- **What is needed**: As soon as the line containing "Keep it short and to the point. Yes. What" appears in the material below, start returning lines exactly, and end with the line containing "of the graph?".

- **Record extracts**:

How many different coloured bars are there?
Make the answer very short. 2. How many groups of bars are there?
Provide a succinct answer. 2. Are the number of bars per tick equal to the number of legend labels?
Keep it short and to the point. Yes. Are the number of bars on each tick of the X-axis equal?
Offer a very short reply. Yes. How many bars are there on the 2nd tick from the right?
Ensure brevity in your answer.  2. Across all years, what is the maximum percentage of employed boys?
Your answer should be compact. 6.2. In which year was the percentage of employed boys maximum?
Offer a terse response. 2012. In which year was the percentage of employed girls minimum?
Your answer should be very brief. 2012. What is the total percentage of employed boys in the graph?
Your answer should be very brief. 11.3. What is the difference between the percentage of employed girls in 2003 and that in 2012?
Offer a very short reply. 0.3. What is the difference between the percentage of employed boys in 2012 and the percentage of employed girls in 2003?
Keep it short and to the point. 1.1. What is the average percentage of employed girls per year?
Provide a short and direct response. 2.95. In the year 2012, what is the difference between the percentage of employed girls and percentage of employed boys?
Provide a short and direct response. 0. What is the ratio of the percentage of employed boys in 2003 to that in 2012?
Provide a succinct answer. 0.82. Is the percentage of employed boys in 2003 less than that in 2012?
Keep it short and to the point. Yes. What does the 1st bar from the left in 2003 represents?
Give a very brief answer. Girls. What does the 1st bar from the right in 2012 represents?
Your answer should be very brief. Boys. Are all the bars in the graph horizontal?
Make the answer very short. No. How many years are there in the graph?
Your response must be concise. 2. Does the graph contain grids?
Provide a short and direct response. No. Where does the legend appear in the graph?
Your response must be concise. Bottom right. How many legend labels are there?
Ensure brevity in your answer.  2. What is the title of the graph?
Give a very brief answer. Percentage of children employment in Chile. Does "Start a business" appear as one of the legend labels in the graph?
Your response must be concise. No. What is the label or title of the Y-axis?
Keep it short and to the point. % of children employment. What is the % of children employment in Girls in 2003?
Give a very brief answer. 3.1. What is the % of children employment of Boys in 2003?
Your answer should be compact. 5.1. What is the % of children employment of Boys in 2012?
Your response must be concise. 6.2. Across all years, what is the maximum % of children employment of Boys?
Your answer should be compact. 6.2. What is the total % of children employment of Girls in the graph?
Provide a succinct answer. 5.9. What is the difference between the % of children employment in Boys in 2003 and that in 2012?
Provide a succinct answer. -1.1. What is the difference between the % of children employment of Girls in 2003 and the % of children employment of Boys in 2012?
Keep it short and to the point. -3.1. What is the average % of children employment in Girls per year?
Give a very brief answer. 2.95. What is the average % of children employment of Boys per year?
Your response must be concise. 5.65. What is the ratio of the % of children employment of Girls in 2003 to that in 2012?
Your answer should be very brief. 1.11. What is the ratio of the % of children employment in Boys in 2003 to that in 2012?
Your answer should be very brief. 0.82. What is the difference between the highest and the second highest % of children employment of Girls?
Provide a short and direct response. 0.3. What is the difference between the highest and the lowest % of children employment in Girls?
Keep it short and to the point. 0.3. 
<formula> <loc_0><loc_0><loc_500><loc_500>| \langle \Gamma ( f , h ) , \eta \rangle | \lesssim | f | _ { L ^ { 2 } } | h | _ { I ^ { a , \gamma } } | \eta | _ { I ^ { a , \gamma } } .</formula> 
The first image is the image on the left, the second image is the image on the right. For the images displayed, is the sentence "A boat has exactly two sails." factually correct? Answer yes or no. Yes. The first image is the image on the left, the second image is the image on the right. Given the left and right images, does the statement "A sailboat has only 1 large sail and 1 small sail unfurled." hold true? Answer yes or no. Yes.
==
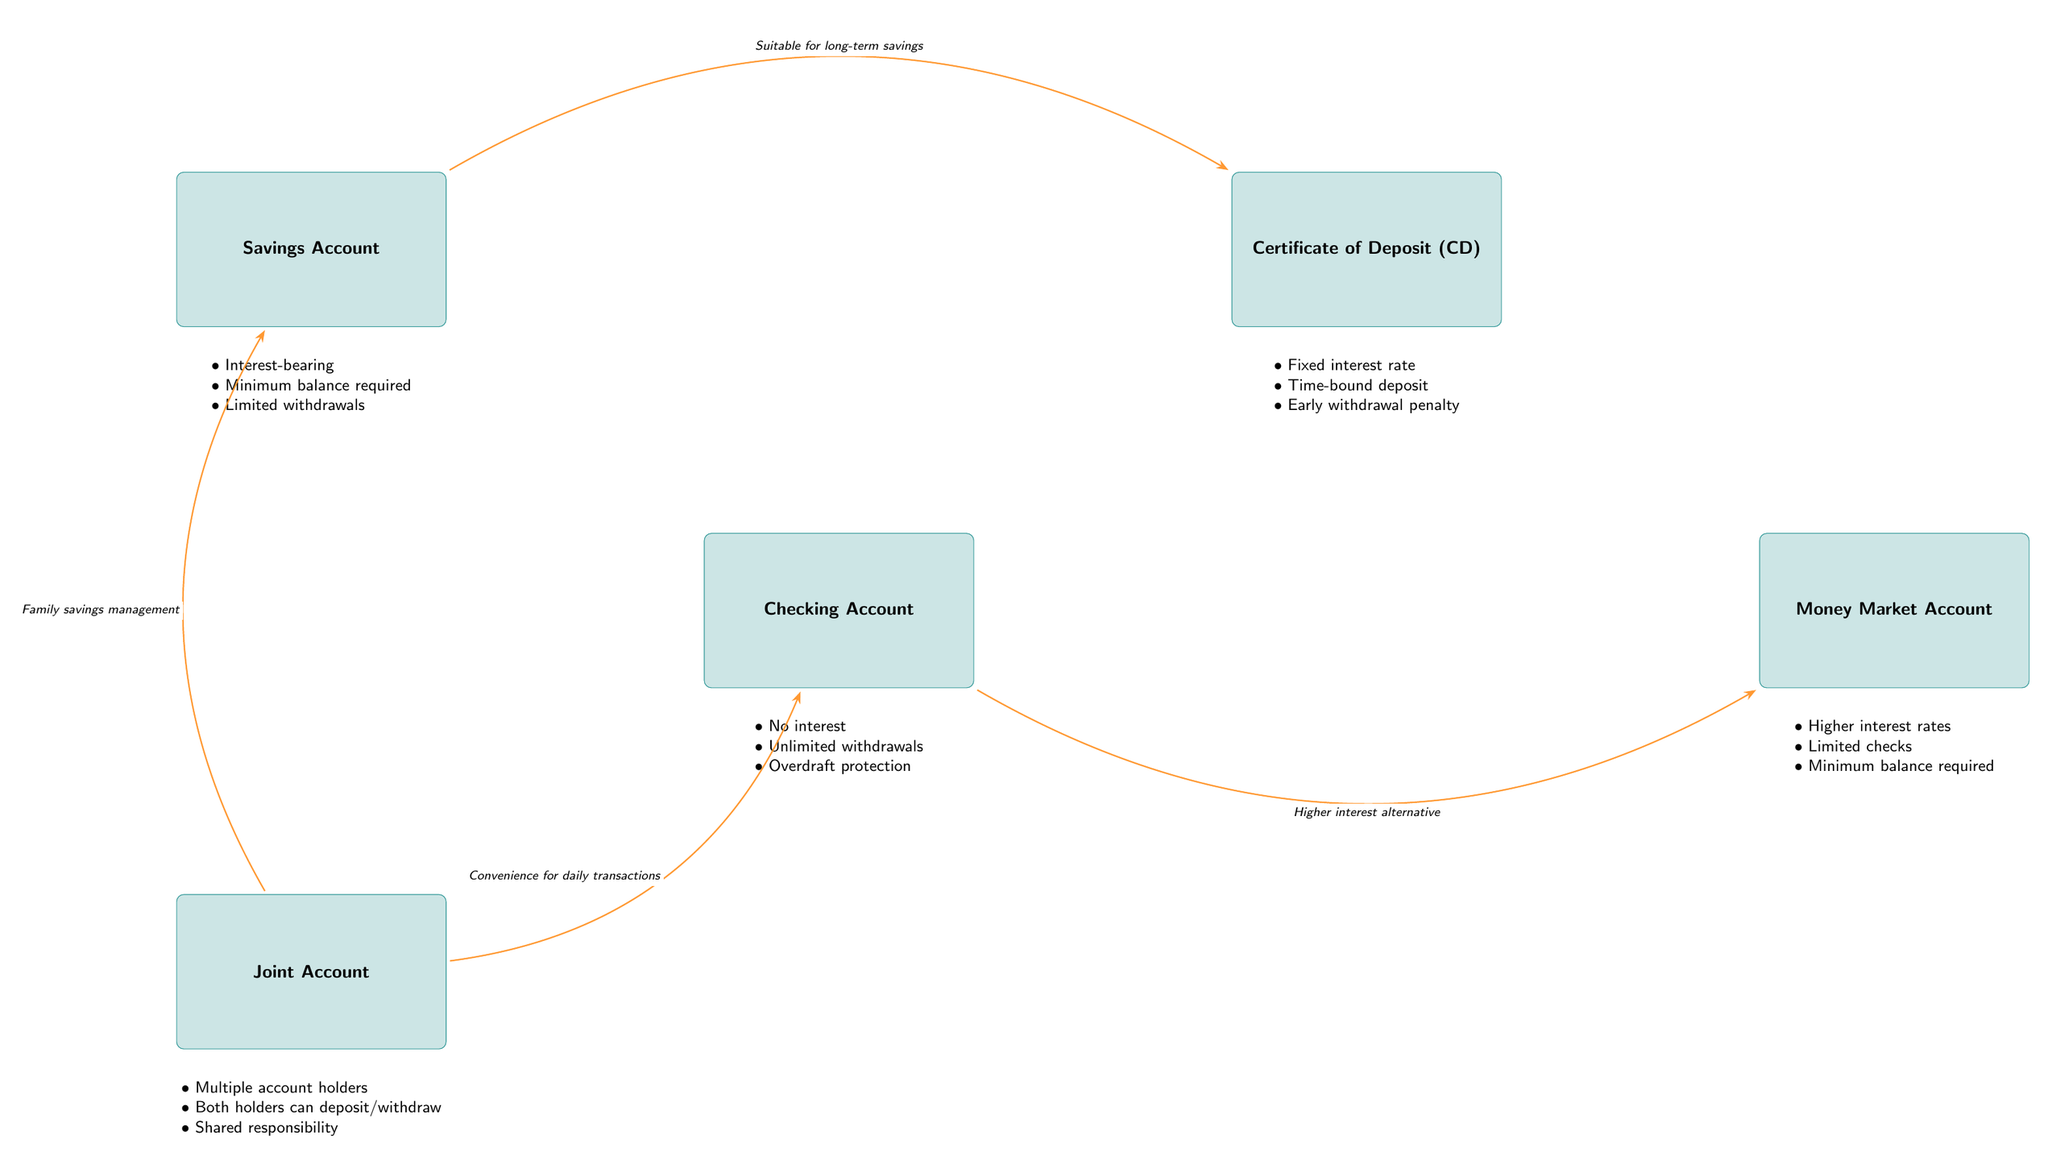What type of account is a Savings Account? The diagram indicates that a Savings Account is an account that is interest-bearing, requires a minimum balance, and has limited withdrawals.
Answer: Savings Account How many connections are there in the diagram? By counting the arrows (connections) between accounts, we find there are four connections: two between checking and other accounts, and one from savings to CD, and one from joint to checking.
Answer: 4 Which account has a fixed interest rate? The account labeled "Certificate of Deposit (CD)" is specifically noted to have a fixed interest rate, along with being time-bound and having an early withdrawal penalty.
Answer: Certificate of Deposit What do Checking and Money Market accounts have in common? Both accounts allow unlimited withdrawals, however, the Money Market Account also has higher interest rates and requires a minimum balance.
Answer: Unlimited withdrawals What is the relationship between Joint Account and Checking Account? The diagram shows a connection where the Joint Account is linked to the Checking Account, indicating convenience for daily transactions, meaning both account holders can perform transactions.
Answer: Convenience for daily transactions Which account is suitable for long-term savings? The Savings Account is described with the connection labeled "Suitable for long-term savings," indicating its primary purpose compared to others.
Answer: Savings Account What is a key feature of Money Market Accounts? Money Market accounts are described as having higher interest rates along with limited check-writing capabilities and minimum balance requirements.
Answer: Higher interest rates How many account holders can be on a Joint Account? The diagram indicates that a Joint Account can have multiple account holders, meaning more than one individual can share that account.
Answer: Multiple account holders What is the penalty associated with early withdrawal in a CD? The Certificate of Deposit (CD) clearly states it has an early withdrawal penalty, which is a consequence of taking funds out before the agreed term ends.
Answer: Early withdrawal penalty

- **Written response**:
Keep it short and to the point. Yes. What does the 1st bar from the left in 2003 represents?
Give a very brief answer. Girls. What does the 1st bar from the right in 2012 represents?
Your answer should be very brief. Boys. Are all the bars in the graph horizontal?
Make the answer very short. No. How many years are there in the graph?
Your response must be concise. 2. Does the graph contain grids?
Provide a short and direct response. No. Where does the legend appear in the graph?
Your response must be concise. Bottom right. How many legend labels are there?
Ensure brevity in your answer.  2. What is the title of the graph?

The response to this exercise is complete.